*WHAT YOU NEED TO DO*. When a line of the records contains "undercut", copy it.

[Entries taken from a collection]

---

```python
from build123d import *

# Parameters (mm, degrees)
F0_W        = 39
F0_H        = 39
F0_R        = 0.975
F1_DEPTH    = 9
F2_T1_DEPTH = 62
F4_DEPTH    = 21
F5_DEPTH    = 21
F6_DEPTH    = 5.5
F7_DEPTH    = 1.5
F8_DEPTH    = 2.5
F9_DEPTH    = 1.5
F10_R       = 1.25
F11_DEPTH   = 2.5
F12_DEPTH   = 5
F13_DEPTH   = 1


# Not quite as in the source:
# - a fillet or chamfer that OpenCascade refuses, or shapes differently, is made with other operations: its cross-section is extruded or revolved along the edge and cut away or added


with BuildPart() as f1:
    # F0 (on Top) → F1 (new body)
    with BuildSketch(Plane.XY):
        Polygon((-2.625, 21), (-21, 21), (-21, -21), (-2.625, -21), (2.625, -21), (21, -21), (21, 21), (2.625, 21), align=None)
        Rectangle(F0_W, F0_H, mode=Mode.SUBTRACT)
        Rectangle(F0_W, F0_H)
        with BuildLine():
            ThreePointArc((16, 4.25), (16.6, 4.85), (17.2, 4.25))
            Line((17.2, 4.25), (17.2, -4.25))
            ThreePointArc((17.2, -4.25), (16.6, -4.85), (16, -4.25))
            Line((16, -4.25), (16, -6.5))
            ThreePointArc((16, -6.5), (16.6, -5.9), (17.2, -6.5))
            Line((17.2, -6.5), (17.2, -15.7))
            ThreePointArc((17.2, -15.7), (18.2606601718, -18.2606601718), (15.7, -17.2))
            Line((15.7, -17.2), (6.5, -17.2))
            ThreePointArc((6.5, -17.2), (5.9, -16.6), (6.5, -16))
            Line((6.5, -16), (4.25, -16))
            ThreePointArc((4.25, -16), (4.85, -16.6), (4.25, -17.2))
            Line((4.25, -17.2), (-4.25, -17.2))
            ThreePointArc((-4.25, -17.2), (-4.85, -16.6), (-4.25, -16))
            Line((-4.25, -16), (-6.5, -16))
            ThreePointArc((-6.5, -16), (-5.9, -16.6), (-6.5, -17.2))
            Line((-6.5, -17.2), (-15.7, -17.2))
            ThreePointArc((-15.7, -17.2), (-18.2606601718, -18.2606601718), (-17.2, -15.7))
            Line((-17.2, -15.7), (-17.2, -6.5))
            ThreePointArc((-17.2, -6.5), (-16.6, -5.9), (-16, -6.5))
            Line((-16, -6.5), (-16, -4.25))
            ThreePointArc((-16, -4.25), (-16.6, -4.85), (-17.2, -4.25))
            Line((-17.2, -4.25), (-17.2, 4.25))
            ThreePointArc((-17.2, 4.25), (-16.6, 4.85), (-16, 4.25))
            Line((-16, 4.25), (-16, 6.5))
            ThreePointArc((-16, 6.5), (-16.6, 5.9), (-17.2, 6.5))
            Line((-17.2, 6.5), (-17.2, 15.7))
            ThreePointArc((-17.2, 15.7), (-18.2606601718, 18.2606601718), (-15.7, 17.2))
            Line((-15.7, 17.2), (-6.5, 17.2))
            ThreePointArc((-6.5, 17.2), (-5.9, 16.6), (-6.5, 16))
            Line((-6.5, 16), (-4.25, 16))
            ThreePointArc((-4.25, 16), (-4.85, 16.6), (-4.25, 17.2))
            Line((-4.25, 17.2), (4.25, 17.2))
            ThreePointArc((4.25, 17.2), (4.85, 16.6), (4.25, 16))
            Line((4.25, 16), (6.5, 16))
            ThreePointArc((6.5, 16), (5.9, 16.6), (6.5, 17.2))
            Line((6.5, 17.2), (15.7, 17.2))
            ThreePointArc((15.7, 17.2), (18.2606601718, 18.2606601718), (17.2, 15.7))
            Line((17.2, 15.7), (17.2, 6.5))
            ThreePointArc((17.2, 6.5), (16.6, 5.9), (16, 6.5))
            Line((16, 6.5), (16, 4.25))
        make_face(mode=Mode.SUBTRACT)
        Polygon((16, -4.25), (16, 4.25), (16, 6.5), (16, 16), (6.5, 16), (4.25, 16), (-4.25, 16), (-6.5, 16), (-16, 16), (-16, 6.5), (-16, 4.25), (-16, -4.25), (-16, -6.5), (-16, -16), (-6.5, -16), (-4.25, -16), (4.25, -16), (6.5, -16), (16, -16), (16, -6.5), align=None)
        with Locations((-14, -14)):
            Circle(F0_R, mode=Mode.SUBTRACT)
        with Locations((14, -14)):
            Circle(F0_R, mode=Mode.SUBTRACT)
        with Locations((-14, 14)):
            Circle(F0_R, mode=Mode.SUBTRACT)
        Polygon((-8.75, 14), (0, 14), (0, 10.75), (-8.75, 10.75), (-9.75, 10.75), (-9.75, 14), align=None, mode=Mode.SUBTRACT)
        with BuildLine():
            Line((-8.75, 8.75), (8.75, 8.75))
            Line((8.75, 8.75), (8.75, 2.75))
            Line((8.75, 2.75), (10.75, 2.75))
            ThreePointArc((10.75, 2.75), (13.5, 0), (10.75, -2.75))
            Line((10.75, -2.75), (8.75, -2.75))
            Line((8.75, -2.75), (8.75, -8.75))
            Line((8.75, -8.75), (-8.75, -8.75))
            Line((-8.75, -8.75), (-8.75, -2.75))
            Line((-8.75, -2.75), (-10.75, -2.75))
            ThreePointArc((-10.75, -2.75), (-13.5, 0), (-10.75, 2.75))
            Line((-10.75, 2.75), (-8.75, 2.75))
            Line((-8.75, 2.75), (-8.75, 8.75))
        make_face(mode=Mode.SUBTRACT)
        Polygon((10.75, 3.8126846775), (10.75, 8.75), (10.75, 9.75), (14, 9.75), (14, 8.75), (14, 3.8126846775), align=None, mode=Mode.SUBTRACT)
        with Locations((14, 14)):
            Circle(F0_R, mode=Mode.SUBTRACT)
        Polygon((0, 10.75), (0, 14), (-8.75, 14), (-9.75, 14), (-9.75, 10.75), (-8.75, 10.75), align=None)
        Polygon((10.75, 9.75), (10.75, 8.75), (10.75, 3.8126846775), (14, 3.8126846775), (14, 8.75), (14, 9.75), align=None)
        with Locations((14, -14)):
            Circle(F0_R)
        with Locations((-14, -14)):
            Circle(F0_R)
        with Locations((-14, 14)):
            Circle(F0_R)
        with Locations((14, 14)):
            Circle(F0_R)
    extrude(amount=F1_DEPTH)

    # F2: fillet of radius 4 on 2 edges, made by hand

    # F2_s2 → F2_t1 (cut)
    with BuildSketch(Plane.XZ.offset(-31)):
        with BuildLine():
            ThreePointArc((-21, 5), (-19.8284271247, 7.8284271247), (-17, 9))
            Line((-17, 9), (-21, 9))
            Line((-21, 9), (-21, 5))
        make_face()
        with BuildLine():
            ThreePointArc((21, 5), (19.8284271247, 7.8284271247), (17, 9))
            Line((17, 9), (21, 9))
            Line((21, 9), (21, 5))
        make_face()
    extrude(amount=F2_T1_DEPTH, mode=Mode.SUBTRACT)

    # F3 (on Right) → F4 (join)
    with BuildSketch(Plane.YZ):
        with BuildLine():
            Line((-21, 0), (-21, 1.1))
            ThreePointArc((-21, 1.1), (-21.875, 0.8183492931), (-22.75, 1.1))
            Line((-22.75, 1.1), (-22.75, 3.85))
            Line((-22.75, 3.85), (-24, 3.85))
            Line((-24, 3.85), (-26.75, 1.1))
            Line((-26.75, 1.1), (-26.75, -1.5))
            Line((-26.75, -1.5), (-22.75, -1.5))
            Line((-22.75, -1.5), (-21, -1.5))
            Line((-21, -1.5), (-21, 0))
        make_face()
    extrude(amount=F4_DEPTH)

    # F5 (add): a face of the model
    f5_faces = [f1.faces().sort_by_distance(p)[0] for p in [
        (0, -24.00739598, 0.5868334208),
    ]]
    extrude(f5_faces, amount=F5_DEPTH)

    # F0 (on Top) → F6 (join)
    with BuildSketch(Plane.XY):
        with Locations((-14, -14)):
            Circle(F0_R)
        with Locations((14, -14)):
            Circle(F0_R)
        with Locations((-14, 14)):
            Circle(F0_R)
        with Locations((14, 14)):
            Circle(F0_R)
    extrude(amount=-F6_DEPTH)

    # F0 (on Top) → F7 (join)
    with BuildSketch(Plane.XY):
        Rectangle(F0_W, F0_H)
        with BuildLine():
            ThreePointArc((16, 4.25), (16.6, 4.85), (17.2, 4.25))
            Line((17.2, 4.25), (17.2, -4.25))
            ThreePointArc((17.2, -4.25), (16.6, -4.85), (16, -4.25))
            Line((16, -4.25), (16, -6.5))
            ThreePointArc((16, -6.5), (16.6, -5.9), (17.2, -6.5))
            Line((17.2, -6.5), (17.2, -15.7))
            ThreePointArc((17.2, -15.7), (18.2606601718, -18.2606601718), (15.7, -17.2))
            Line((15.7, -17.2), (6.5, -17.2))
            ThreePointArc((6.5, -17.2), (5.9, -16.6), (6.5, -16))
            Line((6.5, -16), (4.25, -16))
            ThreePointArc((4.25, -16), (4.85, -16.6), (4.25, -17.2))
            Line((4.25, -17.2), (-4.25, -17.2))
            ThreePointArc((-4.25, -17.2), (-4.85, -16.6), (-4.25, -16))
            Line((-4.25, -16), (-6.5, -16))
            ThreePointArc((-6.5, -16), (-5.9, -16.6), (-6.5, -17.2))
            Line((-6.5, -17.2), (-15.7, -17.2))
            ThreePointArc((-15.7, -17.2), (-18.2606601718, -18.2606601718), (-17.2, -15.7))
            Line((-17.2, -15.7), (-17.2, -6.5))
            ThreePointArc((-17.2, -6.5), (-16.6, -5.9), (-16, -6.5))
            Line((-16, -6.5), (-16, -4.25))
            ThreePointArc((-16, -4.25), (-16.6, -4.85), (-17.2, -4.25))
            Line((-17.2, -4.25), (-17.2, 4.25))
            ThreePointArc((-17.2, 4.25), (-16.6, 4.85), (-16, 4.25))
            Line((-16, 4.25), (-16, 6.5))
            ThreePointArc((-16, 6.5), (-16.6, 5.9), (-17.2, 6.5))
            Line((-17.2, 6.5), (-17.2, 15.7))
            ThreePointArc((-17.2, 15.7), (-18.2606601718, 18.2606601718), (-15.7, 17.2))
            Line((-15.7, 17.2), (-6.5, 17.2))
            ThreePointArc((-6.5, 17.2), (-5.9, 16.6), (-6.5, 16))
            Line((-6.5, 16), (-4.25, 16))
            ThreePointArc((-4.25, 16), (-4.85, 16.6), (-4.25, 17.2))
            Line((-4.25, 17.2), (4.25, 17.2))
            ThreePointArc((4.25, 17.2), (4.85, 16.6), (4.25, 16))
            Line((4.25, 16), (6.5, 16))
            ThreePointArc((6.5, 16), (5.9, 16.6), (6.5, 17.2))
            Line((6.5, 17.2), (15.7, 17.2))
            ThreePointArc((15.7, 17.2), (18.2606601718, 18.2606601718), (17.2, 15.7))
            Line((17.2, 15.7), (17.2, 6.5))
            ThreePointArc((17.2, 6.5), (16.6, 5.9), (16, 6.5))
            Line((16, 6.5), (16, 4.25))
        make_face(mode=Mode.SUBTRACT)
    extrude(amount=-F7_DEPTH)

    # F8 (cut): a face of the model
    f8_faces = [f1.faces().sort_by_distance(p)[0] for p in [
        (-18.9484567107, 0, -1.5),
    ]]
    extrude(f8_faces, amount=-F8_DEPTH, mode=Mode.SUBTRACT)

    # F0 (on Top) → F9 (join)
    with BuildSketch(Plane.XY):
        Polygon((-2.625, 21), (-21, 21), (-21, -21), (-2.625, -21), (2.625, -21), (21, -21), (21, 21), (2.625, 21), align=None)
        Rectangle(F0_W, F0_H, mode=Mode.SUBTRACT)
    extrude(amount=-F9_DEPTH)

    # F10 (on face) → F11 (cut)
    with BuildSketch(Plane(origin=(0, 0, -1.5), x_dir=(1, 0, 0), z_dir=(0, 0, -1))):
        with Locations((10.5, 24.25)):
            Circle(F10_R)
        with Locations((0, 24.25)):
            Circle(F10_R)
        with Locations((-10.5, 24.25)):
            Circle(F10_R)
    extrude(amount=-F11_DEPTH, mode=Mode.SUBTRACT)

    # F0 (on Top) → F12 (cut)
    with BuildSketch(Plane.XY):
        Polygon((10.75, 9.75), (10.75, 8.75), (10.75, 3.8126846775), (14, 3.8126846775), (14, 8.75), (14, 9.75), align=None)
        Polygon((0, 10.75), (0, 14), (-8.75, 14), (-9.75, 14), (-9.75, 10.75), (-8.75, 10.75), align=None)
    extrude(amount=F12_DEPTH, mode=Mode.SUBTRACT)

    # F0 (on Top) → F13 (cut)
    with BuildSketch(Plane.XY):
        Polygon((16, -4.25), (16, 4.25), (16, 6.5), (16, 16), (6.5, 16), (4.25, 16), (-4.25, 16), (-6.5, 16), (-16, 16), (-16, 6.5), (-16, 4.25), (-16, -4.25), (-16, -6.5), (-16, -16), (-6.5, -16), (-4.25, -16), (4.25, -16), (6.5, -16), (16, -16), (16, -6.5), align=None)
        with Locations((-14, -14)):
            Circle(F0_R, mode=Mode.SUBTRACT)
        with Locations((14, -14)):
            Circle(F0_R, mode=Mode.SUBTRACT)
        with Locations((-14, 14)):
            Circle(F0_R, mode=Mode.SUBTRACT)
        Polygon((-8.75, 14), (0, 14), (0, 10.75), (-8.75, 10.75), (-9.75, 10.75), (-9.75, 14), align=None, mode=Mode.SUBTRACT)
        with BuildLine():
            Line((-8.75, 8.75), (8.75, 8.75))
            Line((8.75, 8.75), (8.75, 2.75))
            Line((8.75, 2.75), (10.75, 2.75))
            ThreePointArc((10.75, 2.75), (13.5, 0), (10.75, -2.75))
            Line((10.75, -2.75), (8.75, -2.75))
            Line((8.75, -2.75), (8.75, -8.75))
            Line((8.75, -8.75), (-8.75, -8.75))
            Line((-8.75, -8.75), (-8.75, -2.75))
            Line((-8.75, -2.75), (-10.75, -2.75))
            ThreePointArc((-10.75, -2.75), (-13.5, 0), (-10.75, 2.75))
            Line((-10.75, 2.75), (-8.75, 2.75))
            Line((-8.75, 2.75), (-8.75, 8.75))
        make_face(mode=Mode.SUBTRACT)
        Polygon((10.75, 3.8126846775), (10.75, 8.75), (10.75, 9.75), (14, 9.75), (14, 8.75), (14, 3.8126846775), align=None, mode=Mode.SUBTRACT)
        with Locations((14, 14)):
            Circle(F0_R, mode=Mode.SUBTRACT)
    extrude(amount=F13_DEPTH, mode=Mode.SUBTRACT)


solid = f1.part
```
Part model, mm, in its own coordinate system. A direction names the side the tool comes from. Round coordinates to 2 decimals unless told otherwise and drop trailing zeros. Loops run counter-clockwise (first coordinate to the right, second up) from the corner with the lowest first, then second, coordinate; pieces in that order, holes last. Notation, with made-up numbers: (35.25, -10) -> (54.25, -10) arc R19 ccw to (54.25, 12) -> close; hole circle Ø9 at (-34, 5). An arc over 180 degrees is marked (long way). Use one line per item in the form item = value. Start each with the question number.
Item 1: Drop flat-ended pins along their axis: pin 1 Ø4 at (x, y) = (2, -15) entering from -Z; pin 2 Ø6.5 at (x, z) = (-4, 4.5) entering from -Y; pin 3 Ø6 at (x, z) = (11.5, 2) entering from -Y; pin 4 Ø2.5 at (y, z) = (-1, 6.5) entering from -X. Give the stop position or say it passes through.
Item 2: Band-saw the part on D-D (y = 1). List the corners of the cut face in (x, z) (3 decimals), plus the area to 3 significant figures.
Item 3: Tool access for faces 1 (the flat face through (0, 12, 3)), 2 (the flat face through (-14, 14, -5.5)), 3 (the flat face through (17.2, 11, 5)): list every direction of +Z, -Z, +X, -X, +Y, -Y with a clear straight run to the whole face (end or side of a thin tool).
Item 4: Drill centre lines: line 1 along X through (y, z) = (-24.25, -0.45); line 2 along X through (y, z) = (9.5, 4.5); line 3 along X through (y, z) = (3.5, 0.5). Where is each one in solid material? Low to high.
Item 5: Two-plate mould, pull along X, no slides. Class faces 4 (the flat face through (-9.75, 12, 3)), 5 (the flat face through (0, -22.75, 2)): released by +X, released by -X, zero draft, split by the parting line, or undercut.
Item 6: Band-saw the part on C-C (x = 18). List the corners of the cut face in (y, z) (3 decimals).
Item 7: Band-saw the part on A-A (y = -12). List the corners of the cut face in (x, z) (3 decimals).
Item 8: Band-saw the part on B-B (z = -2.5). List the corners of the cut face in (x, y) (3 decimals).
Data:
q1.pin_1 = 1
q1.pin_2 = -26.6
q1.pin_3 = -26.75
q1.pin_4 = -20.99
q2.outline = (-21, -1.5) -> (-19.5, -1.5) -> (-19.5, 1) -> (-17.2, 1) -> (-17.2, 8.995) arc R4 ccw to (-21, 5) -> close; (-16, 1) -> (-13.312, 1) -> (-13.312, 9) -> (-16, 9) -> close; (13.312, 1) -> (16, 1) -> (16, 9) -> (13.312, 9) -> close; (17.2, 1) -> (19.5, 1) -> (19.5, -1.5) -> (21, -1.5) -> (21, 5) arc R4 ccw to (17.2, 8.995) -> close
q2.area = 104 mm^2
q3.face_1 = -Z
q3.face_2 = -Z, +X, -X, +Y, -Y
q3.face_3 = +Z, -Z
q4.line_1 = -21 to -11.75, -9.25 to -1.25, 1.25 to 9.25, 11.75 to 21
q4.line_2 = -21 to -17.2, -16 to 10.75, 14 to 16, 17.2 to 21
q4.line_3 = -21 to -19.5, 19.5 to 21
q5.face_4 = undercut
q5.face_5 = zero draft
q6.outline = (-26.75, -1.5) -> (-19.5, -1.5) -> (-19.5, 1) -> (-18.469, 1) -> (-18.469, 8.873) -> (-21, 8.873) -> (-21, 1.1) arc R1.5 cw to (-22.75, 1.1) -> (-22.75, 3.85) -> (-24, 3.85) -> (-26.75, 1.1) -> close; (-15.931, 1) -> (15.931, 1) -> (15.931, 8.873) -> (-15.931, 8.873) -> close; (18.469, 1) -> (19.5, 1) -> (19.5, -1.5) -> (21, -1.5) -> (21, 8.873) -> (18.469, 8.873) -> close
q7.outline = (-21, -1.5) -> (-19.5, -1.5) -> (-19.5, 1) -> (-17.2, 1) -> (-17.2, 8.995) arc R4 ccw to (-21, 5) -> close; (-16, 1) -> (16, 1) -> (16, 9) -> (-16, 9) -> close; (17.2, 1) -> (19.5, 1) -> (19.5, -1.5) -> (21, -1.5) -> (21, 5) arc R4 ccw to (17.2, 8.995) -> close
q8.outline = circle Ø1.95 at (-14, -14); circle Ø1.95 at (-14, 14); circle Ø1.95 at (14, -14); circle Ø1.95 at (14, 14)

---

*TASK SOLUTION*.
Item 5: Two-plate mould, pull along X, no slides. Class faces 4 (the flat face through (-9.75, 12, 3)), 5 (the flat face through (0, -22.75, 2)): released by +X, released by -X, zero draft, split by the parting line, or undercut.
q5.face_4 = undercut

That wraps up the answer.